Stored data:
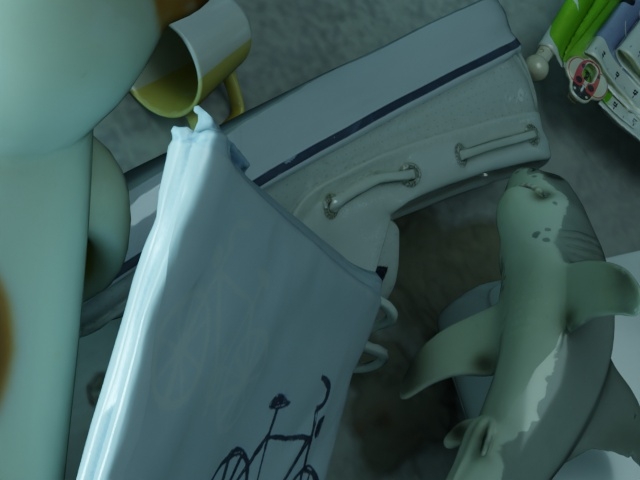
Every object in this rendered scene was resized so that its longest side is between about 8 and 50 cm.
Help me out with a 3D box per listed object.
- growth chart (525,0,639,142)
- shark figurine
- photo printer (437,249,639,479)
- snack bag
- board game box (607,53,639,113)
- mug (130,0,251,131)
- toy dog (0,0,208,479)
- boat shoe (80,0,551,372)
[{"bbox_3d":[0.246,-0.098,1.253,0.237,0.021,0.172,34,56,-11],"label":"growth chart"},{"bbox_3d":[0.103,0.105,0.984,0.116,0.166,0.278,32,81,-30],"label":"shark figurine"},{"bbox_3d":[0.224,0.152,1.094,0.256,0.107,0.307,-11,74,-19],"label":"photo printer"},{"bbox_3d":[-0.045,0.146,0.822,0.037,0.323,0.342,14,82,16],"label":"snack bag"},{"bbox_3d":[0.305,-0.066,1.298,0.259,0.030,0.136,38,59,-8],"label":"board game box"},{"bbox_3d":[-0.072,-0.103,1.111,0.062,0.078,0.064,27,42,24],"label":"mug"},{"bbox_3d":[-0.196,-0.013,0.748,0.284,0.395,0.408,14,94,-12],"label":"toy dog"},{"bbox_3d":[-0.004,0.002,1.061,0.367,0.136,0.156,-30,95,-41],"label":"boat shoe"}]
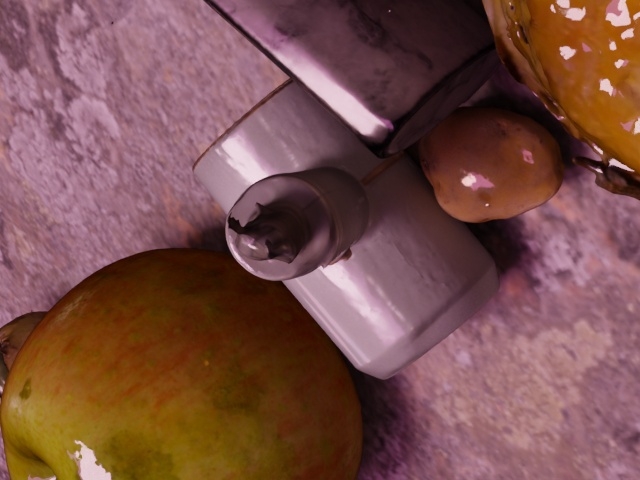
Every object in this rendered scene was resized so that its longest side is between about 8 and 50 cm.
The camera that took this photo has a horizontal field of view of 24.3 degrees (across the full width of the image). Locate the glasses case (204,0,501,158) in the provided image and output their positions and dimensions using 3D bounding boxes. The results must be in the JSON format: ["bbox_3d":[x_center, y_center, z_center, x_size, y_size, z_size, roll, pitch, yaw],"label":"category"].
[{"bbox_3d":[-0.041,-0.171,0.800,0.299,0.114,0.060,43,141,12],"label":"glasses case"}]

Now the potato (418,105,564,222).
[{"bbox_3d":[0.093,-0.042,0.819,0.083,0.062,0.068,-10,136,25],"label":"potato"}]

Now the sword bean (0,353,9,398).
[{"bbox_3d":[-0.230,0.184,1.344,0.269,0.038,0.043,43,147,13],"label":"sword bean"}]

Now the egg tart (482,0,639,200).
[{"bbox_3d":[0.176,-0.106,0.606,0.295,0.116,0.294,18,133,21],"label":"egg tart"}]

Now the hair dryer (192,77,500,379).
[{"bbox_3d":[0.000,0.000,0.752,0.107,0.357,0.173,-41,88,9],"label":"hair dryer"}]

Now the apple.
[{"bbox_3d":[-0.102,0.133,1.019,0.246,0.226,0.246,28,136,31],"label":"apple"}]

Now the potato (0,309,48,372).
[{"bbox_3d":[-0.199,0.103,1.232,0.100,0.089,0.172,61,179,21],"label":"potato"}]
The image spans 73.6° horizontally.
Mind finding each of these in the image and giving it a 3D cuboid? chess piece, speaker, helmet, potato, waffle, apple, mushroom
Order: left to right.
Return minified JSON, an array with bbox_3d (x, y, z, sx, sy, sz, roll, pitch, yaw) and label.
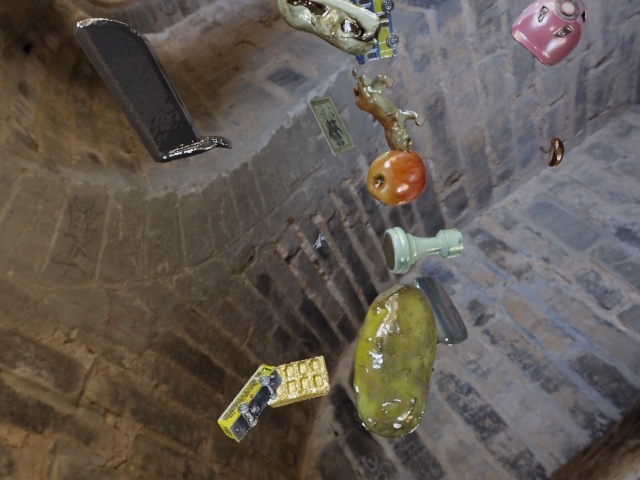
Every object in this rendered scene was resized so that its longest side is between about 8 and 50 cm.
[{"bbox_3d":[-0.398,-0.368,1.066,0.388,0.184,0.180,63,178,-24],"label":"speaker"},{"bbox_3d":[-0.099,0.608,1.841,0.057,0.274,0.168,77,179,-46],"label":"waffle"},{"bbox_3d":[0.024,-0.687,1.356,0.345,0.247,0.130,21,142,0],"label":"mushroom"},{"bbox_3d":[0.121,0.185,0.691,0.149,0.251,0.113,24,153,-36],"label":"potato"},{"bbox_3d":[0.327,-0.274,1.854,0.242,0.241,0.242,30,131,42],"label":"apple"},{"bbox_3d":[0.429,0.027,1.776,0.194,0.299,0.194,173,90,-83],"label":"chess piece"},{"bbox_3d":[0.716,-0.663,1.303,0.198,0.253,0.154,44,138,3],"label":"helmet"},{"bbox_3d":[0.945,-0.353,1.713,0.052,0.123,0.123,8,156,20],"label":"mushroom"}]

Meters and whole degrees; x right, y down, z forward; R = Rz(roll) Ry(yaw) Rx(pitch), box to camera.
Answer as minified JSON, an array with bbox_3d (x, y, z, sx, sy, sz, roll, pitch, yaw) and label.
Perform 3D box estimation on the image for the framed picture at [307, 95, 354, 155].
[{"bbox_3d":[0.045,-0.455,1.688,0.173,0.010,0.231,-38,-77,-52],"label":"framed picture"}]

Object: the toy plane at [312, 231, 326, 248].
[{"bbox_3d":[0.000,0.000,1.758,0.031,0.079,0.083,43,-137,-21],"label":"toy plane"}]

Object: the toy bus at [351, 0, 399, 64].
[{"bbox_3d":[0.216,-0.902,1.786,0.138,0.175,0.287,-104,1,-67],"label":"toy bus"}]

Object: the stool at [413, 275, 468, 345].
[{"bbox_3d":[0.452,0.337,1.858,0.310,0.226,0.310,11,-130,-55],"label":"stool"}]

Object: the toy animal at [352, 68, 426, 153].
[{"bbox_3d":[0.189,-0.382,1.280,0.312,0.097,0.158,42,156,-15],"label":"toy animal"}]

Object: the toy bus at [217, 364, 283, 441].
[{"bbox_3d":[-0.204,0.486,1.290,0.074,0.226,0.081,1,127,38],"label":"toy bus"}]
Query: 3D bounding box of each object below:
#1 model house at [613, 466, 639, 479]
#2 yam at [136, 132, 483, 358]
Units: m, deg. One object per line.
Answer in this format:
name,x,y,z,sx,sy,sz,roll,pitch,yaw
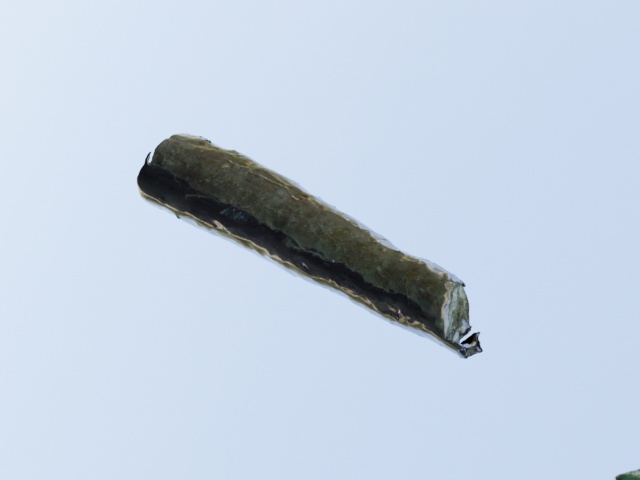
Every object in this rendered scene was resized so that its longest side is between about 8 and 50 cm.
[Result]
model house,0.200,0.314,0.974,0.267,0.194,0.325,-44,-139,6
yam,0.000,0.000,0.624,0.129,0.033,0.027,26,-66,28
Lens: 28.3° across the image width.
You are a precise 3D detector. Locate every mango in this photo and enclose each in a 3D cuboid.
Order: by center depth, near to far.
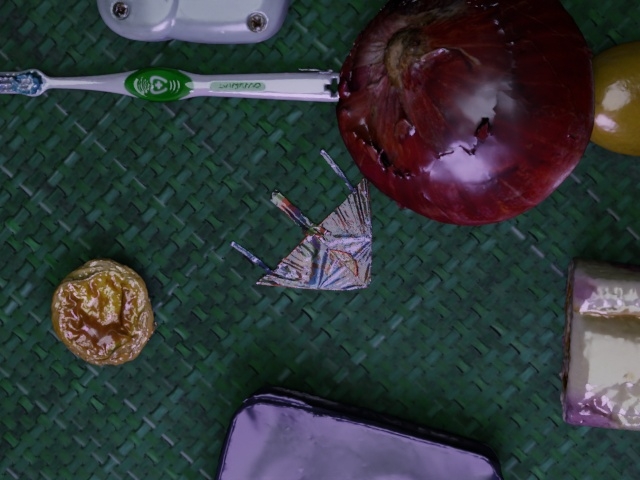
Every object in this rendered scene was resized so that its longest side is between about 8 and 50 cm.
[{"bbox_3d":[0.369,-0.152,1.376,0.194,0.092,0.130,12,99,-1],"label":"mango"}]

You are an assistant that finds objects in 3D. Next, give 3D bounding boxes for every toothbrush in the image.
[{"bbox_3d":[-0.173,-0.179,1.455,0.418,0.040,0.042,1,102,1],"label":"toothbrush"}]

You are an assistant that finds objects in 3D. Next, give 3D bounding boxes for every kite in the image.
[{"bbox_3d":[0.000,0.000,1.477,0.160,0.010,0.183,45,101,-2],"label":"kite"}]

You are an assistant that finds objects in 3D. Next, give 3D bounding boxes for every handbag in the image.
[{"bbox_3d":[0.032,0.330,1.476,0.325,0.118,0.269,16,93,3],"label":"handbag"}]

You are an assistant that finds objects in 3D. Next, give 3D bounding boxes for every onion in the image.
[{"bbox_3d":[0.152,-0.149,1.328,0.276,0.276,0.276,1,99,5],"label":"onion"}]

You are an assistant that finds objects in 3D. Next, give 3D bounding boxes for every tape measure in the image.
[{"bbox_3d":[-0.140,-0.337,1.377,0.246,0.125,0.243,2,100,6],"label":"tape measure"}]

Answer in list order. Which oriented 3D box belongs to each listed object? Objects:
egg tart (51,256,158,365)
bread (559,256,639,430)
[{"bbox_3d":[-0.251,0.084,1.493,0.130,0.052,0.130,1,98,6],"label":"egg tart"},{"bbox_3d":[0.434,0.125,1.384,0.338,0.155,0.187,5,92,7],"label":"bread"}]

==

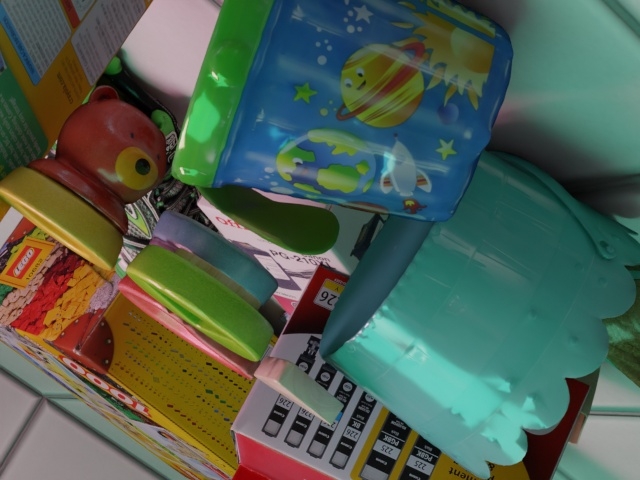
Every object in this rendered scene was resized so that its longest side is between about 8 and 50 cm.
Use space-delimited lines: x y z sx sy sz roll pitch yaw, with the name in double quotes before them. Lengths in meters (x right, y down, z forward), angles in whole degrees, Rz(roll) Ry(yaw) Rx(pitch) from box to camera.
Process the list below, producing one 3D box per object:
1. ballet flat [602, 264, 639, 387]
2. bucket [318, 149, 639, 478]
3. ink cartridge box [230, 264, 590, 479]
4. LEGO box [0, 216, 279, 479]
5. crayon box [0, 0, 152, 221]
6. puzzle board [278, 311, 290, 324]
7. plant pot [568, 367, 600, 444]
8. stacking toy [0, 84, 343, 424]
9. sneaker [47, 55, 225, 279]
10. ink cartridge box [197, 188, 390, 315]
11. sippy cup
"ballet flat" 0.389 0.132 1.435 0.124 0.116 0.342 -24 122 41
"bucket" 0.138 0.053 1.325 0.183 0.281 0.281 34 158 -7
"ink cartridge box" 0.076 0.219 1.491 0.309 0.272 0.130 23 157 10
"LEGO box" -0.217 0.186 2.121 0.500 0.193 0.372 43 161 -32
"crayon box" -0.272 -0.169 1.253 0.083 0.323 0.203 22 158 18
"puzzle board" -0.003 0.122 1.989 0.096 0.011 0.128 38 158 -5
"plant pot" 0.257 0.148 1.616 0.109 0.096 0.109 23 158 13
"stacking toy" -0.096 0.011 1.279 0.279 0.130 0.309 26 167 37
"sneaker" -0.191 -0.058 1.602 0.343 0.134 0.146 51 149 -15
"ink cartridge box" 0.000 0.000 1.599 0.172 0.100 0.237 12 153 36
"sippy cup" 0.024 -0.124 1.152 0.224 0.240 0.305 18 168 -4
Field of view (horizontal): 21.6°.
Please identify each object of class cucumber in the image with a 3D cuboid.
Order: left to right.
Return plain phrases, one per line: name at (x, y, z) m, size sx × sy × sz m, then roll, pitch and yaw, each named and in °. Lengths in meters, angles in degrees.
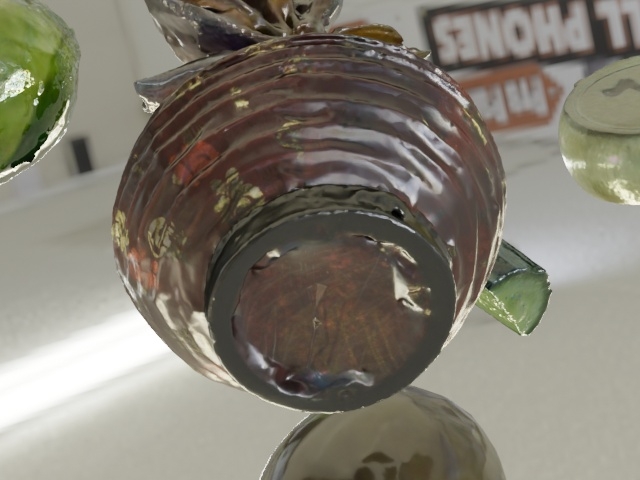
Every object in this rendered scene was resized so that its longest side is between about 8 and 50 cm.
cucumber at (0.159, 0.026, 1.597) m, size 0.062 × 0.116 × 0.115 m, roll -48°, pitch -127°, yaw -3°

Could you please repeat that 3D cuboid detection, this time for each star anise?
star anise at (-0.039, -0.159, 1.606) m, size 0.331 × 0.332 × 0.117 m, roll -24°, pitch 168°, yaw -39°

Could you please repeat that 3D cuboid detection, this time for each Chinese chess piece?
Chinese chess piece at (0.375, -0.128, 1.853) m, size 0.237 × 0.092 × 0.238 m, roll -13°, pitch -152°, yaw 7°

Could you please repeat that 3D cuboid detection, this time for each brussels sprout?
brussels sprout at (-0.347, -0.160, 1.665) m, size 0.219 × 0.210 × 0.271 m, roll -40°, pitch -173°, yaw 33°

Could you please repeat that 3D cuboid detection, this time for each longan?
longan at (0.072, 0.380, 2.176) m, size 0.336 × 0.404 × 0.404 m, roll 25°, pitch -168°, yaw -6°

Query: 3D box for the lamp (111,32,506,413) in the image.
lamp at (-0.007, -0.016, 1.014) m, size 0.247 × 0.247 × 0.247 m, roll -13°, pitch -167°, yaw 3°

* * *

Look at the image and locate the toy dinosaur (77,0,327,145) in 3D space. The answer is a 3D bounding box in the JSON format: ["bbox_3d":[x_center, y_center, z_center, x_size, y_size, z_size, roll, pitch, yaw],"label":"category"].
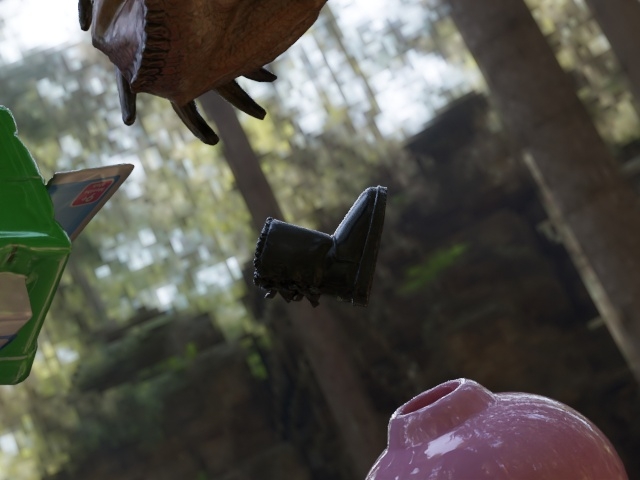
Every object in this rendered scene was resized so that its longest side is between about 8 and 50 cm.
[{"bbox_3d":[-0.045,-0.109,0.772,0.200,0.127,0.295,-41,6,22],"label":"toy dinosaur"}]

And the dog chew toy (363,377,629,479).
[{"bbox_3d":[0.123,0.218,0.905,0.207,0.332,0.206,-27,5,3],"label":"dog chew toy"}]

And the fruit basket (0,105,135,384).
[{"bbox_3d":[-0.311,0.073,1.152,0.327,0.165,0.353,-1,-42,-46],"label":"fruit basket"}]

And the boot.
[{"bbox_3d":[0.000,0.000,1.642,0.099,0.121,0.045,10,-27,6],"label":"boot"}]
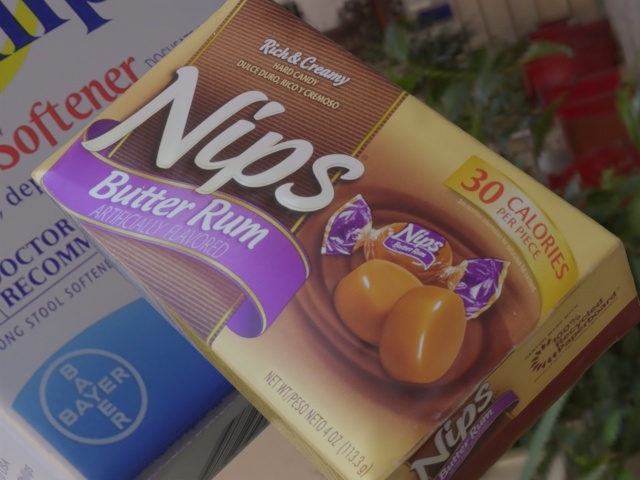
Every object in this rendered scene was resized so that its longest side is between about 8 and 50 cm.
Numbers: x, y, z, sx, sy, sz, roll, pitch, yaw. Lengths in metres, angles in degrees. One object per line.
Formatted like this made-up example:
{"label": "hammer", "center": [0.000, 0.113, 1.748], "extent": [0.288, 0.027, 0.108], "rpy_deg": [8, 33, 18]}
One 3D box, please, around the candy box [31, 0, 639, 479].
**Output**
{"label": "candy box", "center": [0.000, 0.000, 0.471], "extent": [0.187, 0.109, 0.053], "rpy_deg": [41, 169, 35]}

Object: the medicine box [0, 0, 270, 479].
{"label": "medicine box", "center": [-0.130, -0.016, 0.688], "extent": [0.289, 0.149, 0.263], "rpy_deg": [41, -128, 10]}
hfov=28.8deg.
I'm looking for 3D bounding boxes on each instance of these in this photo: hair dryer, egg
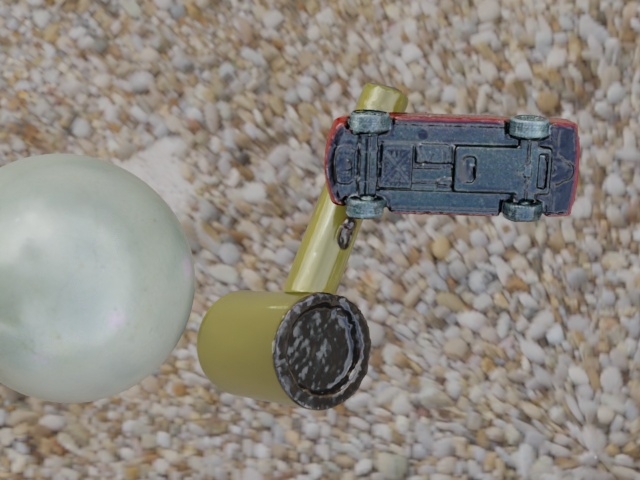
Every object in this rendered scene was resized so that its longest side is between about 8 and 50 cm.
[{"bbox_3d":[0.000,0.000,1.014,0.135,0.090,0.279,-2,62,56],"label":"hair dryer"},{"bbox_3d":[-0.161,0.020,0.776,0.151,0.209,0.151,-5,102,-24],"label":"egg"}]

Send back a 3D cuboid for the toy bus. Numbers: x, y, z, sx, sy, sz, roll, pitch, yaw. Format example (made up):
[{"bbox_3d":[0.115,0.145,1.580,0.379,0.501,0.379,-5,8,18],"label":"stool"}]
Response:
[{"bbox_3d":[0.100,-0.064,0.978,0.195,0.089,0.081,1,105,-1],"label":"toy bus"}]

→ **Exercise directions**: Above this instruction are the records; retype exactly the lines from the one containing "Help me out with a 3D box per listed object." up to and including the one containing "- toy dog (0,0,208,479)".

→ **Output for this task**:
Help me out with a 3D box per listed object.
- growth chart (525,0,639,142)
- shark figurine
- photo printer (437,249,639,479)
- snack bag
- board game box (607,53,639,113)
- mug (130,0,251,131)
- toy dog (0,0,208,479)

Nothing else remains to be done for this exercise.